(Recorded data)
● ● ● ● ● ● ●

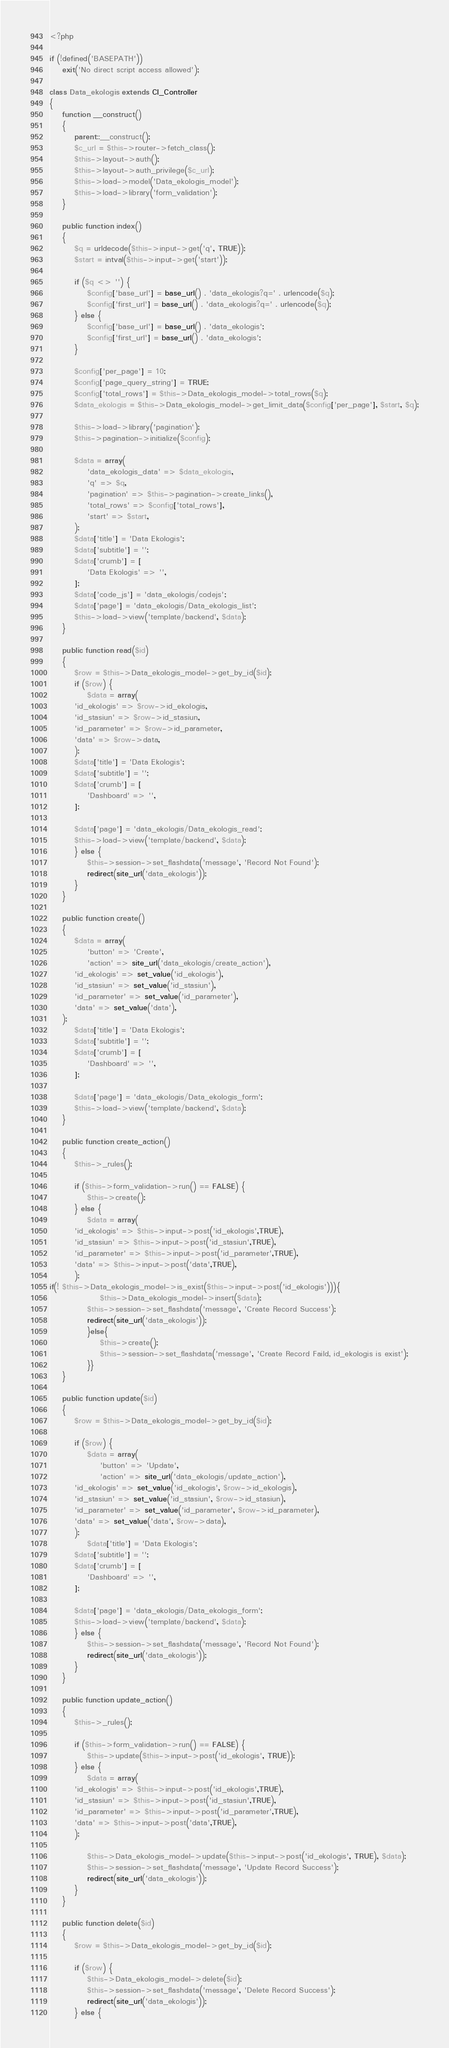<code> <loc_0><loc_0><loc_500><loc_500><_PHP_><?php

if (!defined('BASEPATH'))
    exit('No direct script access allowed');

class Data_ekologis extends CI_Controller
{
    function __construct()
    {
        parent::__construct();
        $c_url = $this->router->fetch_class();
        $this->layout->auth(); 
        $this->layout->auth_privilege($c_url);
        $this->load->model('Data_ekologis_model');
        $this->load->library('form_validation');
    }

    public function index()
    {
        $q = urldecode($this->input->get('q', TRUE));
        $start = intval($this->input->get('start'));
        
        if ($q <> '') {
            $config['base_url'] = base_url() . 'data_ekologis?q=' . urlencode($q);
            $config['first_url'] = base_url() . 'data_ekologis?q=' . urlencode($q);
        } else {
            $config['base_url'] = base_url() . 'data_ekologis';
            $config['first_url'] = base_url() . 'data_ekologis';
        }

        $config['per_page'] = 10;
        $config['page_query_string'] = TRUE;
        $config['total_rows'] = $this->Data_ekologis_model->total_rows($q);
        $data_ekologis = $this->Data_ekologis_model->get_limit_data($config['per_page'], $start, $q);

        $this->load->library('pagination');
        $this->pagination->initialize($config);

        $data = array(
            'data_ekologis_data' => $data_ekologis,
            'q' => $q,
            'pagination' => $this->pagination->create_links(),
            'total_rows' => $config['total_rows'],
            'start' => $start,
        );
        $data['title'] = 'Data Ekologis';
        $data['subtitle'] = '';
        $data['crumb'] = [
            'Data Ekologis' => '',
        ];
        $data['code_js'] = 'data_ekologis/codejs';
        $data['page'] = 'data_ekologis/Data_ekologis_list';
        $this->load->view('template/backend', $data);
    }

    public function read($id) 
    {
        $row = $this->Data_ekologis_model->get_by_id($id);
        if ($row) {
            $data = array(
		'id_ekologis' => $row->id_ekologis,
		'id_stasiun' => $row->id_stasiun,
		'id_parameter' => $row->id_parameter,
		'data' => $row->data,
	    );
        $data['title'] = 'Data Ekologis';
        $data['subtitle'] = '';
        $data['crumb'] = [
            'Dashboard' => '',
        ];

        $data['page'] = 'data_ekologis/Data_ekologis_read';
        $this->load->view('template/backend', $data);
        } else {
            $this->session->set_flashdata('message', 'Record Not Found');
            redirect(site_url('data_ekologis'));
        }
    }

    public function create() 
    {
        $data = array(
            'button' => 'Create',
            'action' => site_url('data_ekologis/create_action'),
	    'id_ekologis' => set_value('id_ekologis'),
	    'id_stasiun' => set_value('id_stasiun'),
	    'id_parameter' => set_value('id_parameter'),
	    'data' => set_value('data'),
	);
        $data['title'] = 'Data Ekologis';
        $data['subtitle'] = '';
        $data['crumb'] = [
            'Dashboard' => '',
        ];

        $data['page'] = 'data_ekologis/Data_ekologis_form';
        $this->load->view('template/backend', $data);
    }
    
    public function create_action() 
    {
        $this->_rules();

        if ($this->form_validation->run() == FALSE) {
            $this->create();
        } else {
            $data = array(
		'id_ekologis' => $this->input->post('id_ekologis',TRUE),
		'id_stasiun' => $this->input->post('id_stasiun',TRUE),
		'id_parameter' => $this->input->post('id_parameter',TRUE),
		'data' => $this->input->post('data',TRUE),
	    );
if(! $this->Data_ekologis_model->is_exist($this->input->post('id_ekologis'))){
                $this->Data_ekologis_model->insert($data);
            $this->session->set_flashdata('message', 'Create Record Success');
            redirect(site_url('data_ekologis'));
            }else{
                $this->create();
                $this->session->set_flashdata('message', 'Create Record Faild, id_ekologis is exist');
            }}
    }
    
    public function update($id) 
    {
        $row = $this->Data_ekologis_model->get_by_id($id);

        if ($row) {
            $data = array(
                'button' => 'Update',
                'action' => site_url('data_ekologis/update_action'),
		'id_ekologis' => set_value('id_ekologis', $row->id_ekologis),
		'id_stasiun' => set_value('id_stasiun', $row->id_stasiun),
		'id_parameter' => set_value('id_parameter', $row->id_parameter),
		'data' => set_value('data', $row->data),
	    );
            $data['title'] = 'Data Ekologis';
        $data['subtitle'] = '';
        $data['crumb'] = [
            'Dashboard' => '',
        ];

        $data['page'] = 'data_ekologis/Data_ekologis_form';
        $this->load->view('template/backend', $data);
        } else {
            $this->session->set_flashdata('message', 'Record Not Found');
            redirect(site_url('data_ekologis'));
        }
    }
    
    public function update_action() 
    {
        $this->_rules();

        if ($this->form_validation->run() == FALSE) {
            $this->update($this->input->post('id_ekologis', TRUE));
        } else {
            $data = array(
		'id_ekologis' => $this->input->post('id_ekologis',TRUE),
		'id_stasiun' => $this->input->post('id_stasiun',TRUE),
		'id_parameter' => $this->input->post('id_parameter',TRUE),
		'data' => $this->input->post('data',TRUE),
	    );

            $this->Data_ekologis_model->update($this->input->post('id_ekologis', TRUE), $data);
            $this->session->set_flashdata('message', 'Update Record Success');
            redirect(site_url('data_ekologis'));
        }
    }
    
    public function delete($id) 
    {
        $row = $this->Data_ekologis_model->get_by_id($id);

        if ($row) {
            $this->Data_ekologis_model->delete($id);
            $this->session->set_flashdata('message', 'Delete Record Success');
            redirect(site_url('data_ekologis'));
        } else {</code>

● ● ● ● ● ● ●

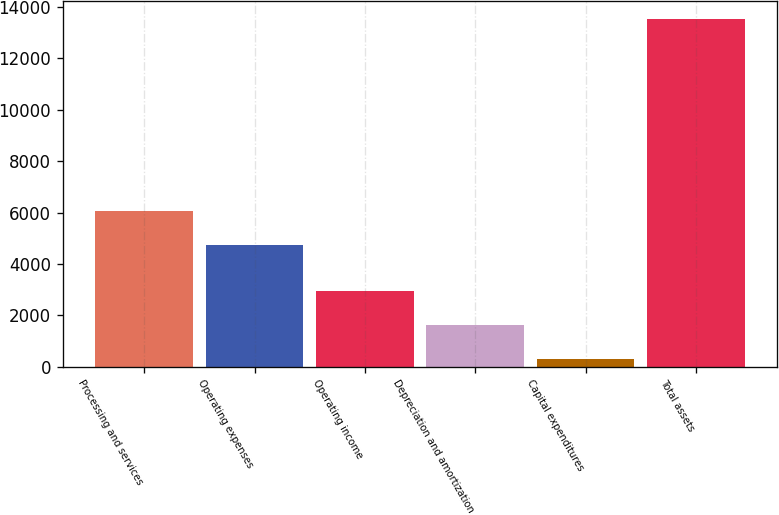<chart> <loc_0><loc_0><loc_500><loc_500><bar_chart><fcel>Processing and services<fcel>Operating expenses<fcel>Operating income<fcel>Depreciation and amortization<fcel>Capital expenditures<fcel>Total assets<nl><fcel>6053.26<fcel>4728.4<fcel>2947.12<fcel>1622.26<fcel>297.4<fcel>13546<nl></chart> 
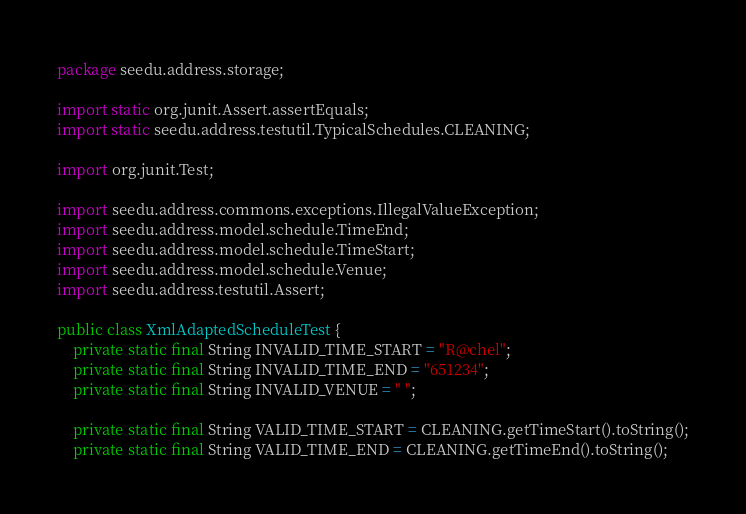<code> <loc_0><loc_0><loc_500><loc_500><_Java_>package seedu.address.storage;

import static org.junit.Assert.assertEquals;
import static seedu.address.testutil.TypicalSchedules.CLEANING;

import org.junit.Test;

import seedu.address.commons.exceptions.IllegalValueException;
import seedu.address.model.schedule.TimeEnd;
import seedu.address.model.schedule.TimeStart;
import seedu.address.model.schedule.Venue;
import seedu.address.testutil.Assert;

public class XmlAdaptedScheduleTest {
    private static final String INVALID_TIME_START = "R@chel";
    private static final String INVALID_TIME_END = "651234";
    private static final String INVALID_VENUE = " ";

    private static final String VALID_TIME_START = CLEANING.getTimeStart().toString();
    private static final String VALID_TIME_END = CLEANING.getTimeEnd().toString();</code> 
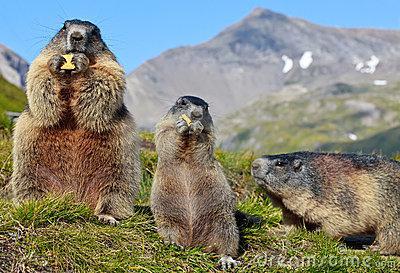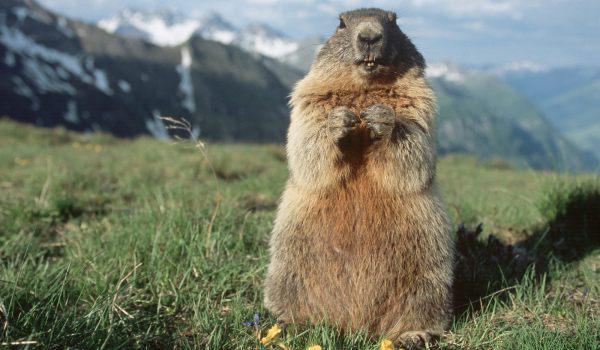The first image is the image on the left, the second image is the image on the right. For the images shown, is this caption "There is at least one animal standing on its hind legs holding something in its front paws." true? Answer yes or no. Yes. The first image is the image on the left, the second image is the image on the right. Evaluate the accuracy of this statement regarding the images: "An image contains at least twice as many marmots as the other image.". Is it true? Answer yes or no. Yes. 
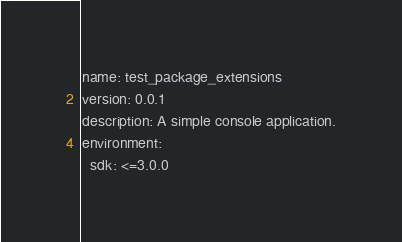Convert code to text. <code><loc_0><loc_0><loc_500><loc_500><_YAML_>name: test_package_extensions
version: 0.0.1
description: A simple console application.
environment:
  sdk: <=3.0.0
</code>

● ● ● ● ● ● ●

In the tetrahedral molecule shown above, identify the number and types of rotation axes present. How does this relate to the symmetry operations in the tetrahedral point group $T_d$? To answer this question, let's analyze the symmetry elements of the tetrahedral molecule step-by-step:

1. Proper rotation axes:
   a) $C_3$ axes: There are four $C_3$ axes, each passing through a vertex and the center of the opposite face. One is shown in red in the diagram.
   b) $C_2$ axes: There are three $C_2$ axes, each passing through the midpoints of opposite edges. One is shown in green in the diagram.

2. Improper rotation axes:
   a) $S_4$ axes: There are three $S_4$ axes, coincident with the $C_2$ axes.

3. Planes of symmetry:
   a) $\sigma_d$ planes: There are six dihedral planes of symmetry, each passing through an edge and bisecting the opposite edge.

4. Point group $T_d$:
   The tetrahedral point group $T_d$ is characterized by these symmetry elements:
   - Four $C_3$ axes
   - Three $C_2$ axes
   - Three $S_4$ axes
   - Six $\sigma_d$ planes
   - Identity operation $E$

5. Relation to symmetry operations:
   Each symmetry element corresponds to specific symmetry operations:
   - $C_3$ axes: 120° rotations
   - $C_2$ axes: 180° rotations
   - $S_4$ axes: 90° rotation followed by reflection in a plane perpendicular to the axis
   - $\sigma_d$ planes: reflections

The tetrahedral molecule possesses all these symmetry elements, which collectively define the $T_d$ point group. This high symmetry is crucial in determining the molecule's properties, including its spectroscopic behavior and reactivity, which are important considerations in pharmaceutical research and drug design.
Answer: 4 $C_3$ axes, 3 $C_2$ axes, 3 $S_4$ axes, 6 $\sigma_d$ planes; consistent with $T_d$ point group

● ● ● ● ● ● ●

Taking the entries above, write out exactly the lines starting with the line containing "- $S_4$ axes: 90°" and going on through the line containing "- $\sigma_d$ planes: reflections", both included, and nothing else.

* **SOLUTION TO THE PROBLEM**
   - $S_4$ axes: 90° rotation followed by reflection in a plane perpendicular to the axis
   - $\sigma_d$ planes: reflections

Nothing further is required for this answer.